Following surgery, the average hospital stay is between 5 to 10 days; it will likely take you about 6 weeks to recover in order to return to work. Most people return to their normal lives.

Can the aneurysm come back if I have surgery to fix it? Will I still need to take medication after surgery?
When a segment of aorta is excised to fix an aneurysm, the weakened section is removed so the chance of an aneurysm reoccurring is almost zero. However, if the aneurysm was caused by a systemic condition (such as atherosclerosis or Marfan syndrome), an aneurysm occurring in another part of the aorta is a distinct possibility. In this case, we would probably recommend medications such as those to help control blood pressure to reduce the chance of another aneurysm. In either case, we will probably recommend imaging scans to monitor for other possible aneurysms.

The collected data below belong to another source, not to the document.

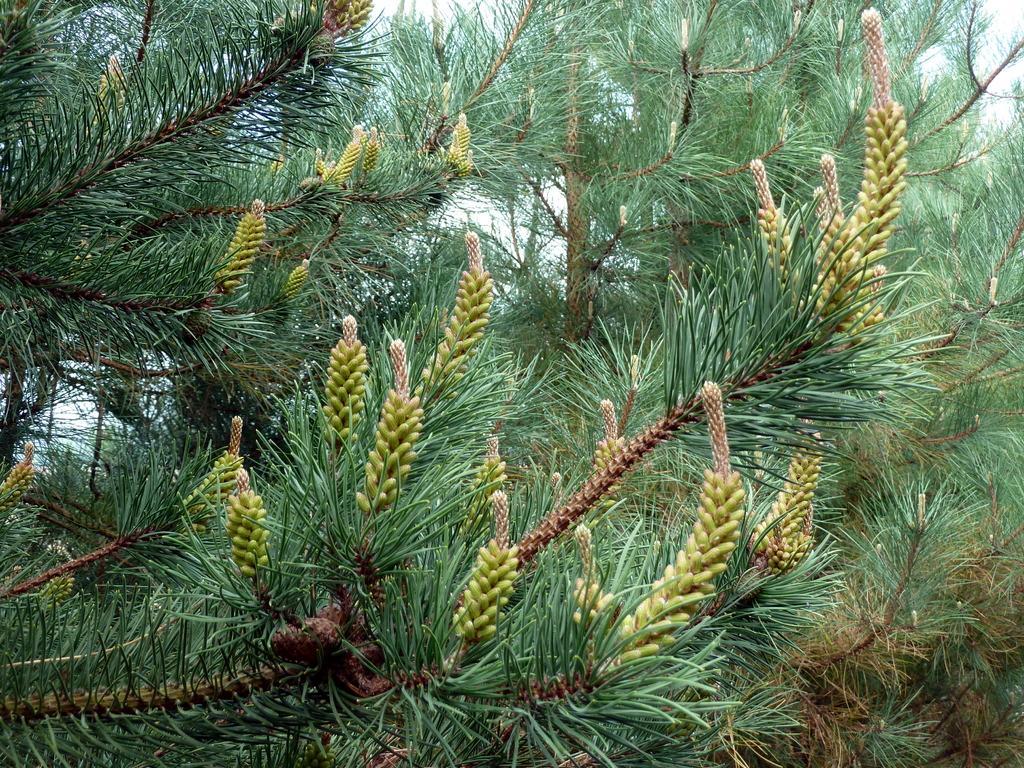In one or two sentences, can you explain what this image depicts? In this image I can see few trees in green color. In the background I can see the sky in white color. 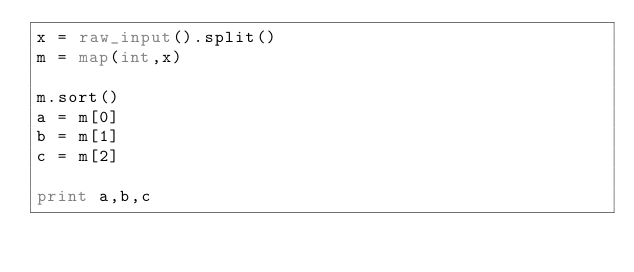Convert code to text. <code><loc_0><loc_0><loc_500><loc_500><_Python_>x = raw_input().split()
m = map(int,x)

m.sort()
a = m[0]
b = m[1]
c = m[2]

print a,b,c</code> 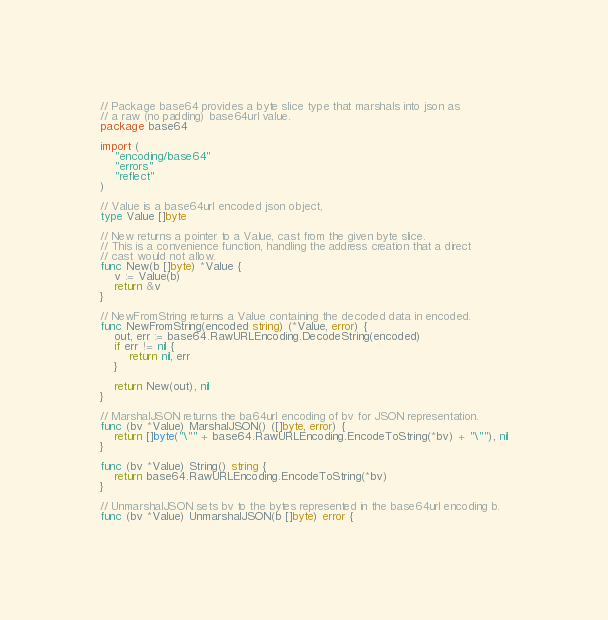<code> <loc_0><loc_0><loc_500><loc_500><_Go_>// Package base64 provides a byte slice type that marshals into json as
// a raw (no padding) base64url value.
package base64

import (
	"encoding/base64"
	"errors"
	"reflect"
)

// Value is a base64url encoded json object,
type Value []byte

// New returns a pointer to a Value, cast from the given byte slice.
// This is a convenience function, handling the address creation that a direct
// cast would not allow.
func New(b []byte) *Value {
	v := Value(b)
	return &v
}

// NewFromString returns a Value containing the decoded data in encoded.
func NewFromString(encoded string) (*Value, error) {
	out, err := base64.RawURLEncoding.DecodeString(encoded)
	if err != nil {
		return nil, err
	}

	return New(out), nil
}

// MarshalJSON returns the ba64url encoding of bv for JSON representation.
func (bv *Value) MarshalJSON() ([]byte, error) {
	return []byte("\"" + base64.RawURLEncoding.EncodeToString(*bv) + "\""), nil
}

func (bv *Value) String() string {
	return base64.RawURLEncoding.EncodeToString(*bv)
}

// UnmarshalJSON sets bv to the bytes represented in the base64url encoding b.
func (bv *Value) UnmarshalJSON(b []byte) error {</code> 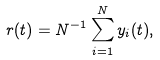<formula> <loc_0><loc_0><loc_500><loc_500>r ( t ) = N ^ { - 1 } \sum _ { i = 1 } ^ { N } y _ { i } ( t ) ,</formula>

What is an aortic dissection? How is it different from an aneurysm?
When the interior lining of the aorta tears away, this is known as an aortic dissection; it is a life-threatening condition. It may begin as a tear in the inner lining which allows blood to pool between the outer and inner surfaces of the aorta. Some people may have an aneurysm along with dissection, but not everyone will; conversely, not everyone with an aortic aneurysm will go on to develop a dissection.

What are the symptoms of an aortic dissection?
An acute aortic dissection causes a person to experience a severe, sudden sharp or stabbing pain in the chest, neck, back, abdomen or legs, depending on what section of the aorta the dissection is located. There may be some overlap with the symptoms of a heart attack, but most of the symptoms are different. The sooner an aortic dissection is diagnosed and treated, the better the chances for survival.

What is Marfan Syndrome?
An abnormality in the gene that forms fibrillin-1, a structural component of elastin fibers that give the aorta its strength, causes Marfan syndrome, a disorder that contributes to the formation of thoracic aortic aneurysms. The defect in fibers makes the aorta weak and susceptible to stretching. If you have Marfan syndrome, you are at greater risk for both aortic aneurysms and aortic dissection.

What is a bicuspid aortic valve?
A bicuspid aortic valve is a congenital defect in which the aortic valve only has two leaflets (cuspids) instead of three. This defect may function relatively well, but often aortic stenosis occurs (the valve is narrowed) or the valve leaks. People with this condition usually experience higher rates of premature valve degeneration and can have abnormal aortic tissue structure susceptible to a faster aneurysm growth rate.